**** DATASET RECORDS

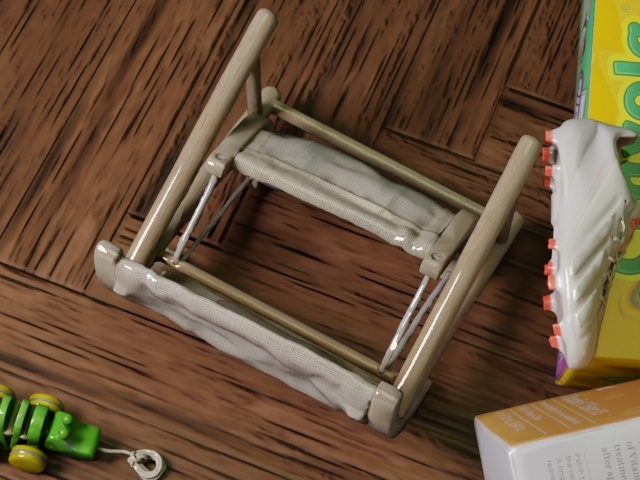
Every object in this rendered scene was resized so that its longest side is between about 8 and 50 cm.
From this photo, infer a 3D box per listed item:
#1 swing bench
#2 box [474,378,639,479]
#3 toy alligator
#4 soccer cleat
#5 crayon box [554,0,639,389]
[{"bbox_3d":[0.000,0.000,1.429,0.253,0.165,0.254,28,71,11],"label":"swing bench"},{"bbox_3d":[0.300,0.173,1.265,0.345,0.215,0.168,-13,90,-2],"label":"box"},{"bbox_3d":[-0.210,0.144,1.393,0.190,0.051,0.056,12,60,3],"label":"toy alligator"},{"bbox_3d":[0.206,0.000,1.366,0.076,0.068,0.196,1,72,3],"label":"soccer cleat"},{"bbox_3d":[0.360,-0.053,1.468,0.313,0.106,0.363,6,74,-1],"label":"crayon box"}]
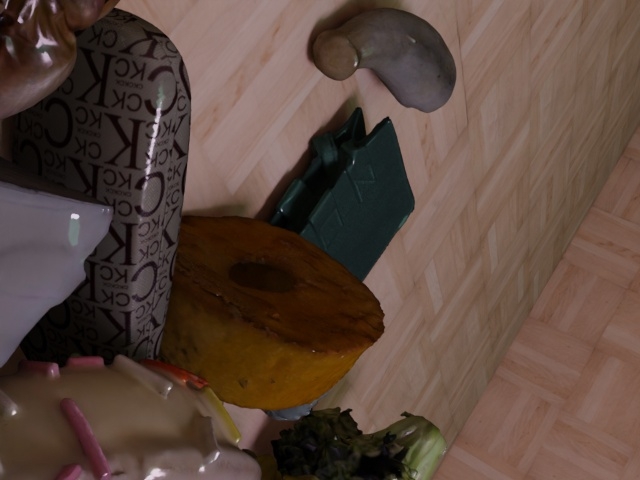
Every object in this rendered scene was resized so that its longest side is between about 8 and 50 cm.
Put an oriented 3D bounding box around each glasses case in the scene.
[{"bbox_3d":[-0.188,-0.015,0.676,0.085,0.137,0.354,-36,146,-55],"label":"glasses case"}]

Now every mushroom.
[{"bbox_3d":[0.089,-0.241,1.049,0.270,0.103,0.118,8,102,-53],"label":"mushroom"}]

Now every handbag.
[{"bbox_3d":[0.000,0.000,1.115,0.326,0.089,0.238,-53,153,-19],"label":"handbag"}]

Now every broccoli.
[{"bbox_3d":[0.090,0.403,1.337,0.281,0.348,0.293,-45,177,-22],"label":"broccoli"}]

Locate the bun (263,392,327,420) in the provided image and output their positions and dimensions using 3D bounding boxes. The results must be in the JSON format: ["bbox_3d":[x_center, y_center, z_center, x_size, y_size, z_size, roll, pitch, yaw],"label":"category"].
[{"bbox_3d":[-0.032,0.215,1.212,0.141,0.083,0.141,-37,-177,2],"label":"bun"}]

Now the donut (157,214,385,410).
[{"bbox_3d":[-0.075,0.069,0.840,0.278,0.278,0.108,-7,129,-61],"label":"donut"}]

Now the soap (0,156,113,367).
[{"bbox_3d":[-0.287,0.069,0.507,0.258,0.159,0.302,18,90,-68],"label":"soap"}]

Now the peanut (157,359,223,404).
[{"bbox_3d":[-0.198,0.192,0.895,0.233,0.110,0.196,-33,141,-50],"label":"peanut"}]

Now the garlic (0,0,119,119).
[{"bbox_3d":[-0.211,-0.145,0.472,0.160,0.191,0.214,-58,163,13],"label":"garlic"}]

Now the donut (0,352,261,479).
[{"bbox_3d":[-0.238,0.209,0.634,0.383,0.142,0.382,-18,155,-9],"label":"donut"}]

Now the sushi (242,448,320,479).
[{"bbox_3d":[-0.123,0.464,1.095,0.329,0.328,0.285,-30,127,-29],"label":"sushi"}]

********
**** DATASET RECORDS

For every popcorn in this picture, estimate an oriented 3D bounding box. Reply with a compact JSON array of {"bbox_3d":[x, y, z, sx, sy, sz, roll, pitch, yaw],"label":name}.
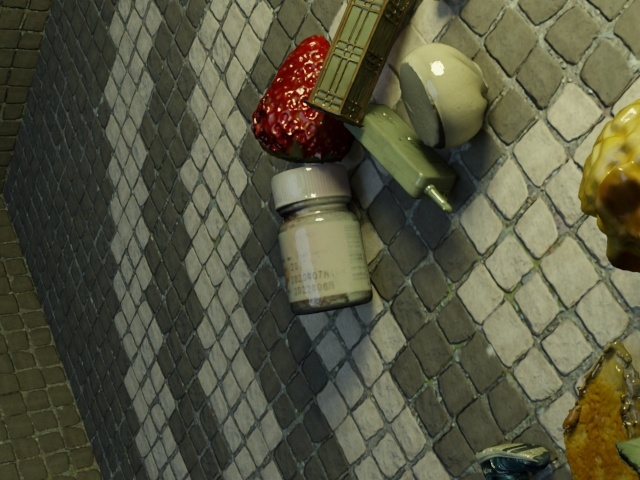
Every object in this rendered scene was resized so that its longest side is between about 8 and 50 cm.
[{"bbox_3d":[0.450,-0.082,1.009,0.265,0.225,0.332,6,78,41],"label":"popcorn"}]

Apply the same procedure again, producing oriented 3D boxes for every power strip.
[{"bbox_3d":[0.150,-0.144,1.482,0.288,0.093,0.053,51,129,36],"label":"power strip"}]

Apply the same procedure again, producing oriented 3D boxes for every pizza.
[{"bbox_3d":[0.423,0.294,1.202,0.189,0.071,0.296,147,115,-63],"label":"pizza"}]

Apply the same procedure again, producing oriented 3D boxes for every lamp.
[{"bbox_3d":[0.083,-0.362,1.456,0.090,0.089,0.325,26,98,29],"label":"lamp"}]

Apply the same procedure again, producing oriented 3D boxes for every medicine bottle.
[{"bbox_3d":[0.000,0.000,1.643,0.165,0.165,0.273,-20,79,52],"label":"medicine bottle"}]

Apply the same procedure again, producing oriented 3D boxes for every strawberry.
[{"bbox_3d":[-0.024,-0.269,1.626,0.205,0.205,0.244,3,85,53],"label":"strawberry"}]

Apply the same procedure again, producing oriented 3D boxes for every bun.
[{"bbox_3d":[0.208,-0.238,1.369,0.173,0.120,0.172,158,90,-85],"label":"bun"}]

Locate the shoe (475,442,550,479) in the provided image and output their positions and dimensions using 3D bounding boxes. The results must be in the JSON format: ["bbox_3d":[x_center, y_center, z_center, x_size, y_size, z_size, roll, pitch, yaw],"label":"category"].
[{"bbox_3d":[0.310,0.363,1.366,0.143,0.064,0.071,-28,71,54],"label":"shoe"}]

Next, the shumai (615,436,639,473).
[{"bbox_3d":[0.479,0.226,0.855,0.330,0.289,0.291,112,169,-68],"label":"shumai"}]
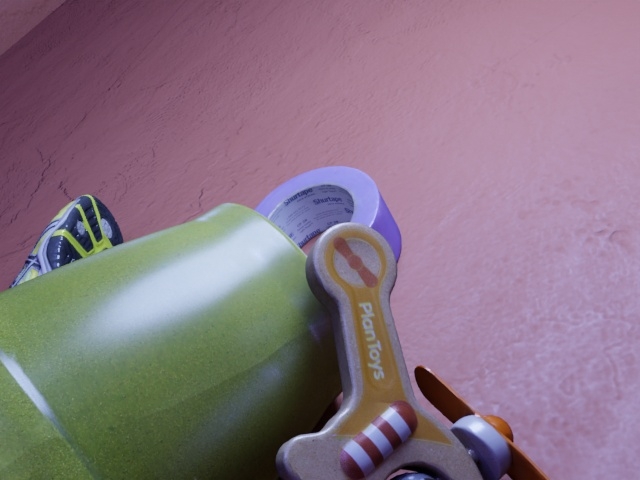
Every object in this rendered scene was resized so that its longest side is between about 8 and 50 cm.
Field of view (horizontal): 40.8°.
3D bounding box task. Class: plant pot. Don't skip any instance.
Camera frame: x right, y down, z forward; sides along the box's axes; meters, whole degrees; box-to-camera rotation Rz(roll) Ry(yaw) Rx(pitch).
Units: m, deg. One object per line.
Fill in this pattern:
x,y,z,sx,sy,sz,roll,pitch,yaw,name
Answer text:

********

[HOW TO COMPLETE THIS TASK] Wherever the string "name" appears in the entries above, return the line it appears on.

[RESPONSE]
For every popcorn in this picture, estimate an oriented 3D bounding box. Reply with a compact JSON array of {"bbox_3d":[x, y, z, sx, sy, sz, roll, pitch, yaw],"label":name}.
x,y,z,sx,sy,sz,roll,pitch,yaw,name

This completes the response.